The word chloroplast is derived from the Greek words chloros, which means green, and plast, which means form or entity. Chloroplasts are members of a class of organelles known as plastids.
Chloroplasts are observable as flat discs usually 2 to 10 micrometers in diameter and 1 micrometer thick. In land plants, they are, in general, 5 μm in diameter and 2.3 μm thick. The chloroplast is contained by an envelope that consists of an inner and an outer phospholipid membrane. Between these two layers is the intermembrane space. A typical parenchyma cell contains about 10 to 100 chloroplasts.
The material within the chloroplast is called the stroma, corresponding to the cytosol of the original bacterium, and contains one or more molecules of small circular DNA. It also contains ribosomes; however most of its proteins are encoded by genes contained in the host cell nucleus, with the protein products transported to the chloroplast.
Recently, chloroplasts have caught attention by developers of genetically modified plants. In most flowering plants, chloroplasts are not inherited from the male parent, although in plants such as pines, chloroplasts are inherited from males. Where chloroplasts are inherited only from the female, transgenes in these plastids cannot be disseminated by pollen. This makes plastid transformation a valuable tool for the creation and cultivation of genetically modified plants that are biologically contained, thus posing significantly lower environmental risks. This biological containment strategy is therefore suitable for establishing the coexistence of conventional and organic agriculture. While the reliability of this mechanism has not yet been studied for all relevant crop species, recent results in tobacco plants are promising, showing a failed containment rate of transplastomic plants at 3 in 1,000,000.
Chloroplasts contain several important membranes, vital for their function. Like mitochondria, chloroplasts have a double-membrane envelope, called the chloroplast envelope.

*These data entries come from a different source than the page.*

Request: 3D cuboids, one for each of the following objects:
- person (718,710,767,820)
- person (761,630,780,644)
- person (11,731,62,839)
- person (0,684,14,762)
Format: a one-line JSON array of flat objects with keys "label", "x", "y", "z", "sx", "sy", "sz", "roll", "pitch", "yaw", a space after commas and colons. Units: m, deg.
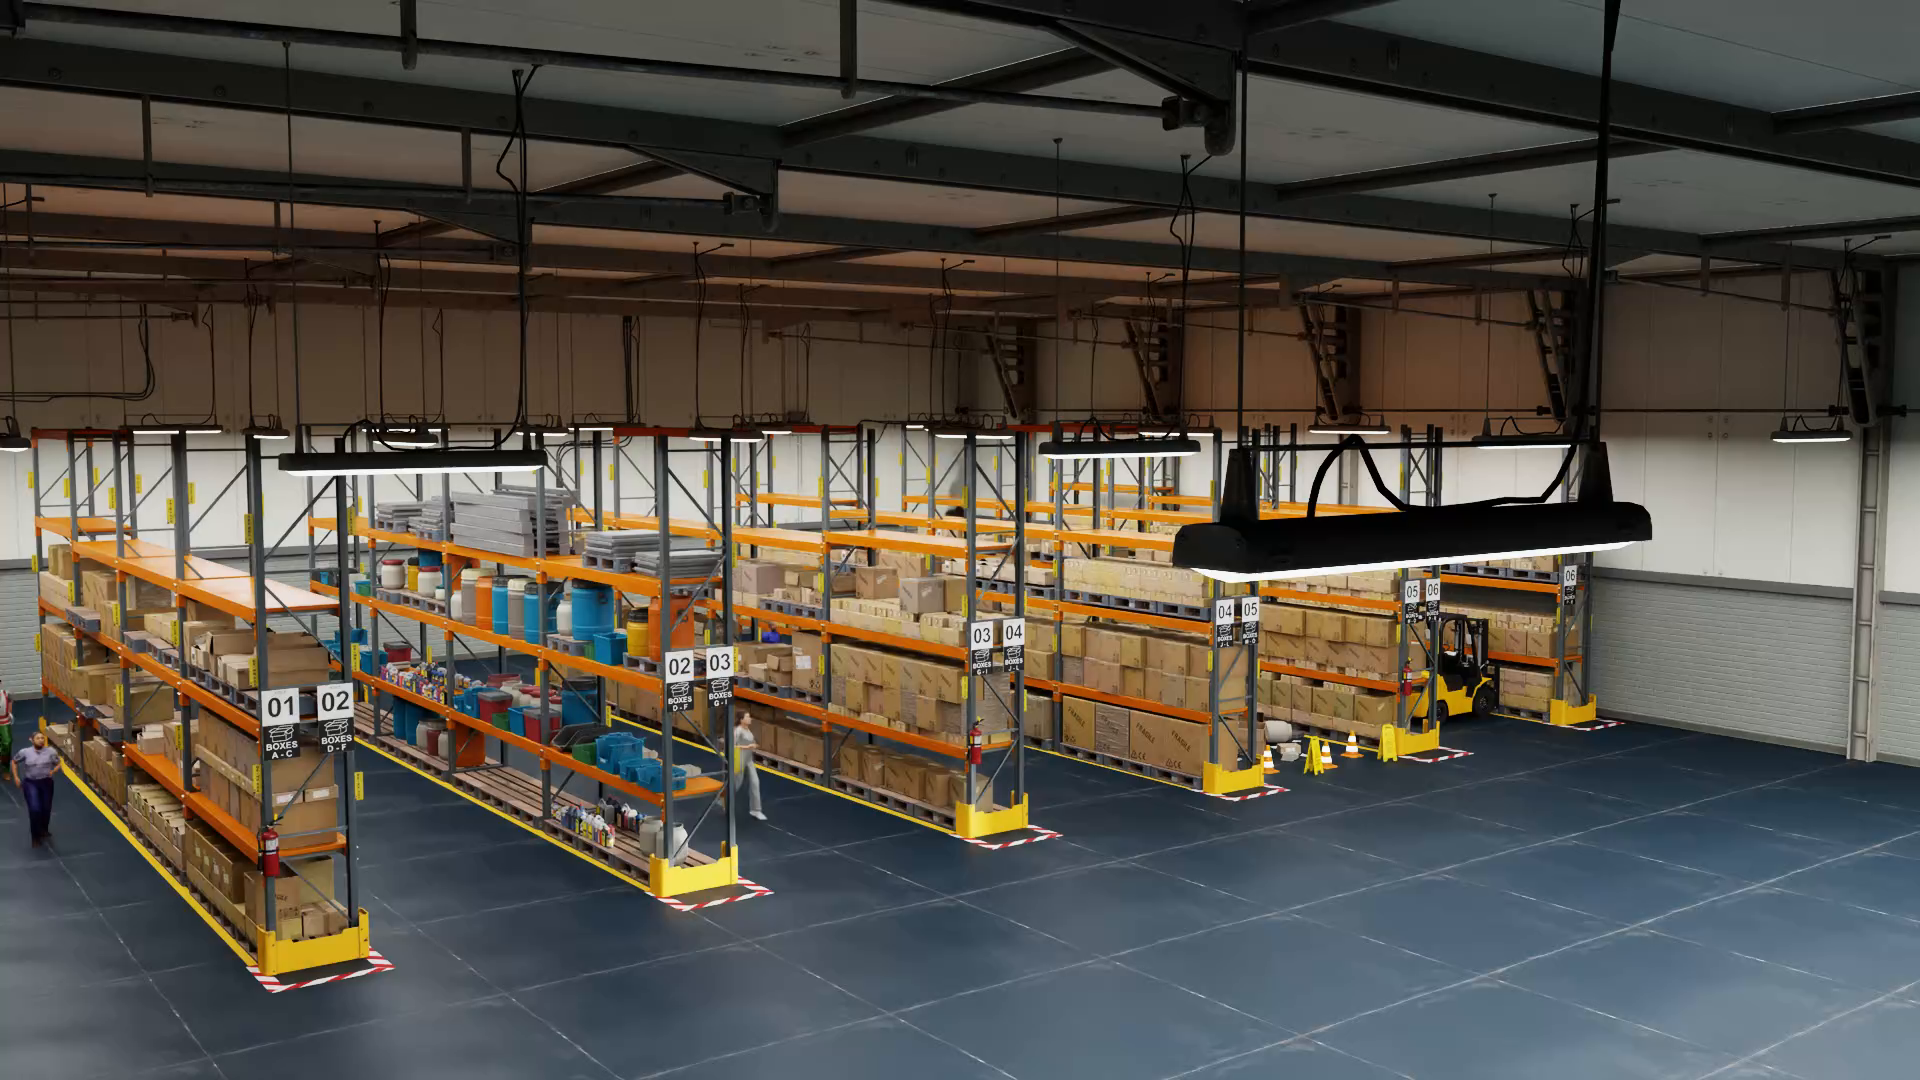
[{"label": "person", "x": -3.405, "y": 3.473, "z": 25.753, "sx": 0.874, "sy": 1.704, "sz": 0.548, "roll": 2, "pitch": 5, "yaw": 26}, {"label": "person", "x": -4.236, "y": 2.720, "z": 37.280, "sx": 0.548, "sy": 1.453, "sz": 0.755, "roll": -4, "pitch": 6, "yaw": -42}, {"label": "person", "x": -13.414, "y": 3.538, "z": 24.219, "sx": 0.614, "sy": 1.535, "sz": 0.692, "roll": -4, "pitch": 6, "yaw": -42}, {"label": "person", "x": -16.436, "y": 3.080, "z": 28.348, "sx": 0.588, "sy": 1.461, "sz": 0.738, "roll": -3, "pitch": 6, "yaw": -37}]

Each membrane is a phospholipid bilayer, between 6 and 8 nm thick, and the two are separated by a gap of 10-20 nm, called the intermembrane space. The outer membrane is permeable to most ions and metabolites, but the inner membrane is highly specialised with transport proteins. Carbohydrates are transported across the outer membrane by a triose phosphate translocator.
The Calvin cycle or Calvin-Benson-Bassham cycle is a series of biochemical reactions that take place in the stroma of chloroplasts in photosynthetic organisms. It was discovered by Melvin Calvin, James Bassham and Andrew Benson at the University of California, Berkeley by using the radioactive element, carbon-14. It is one of the light-independent (dark) reactions, used for carbon fixation.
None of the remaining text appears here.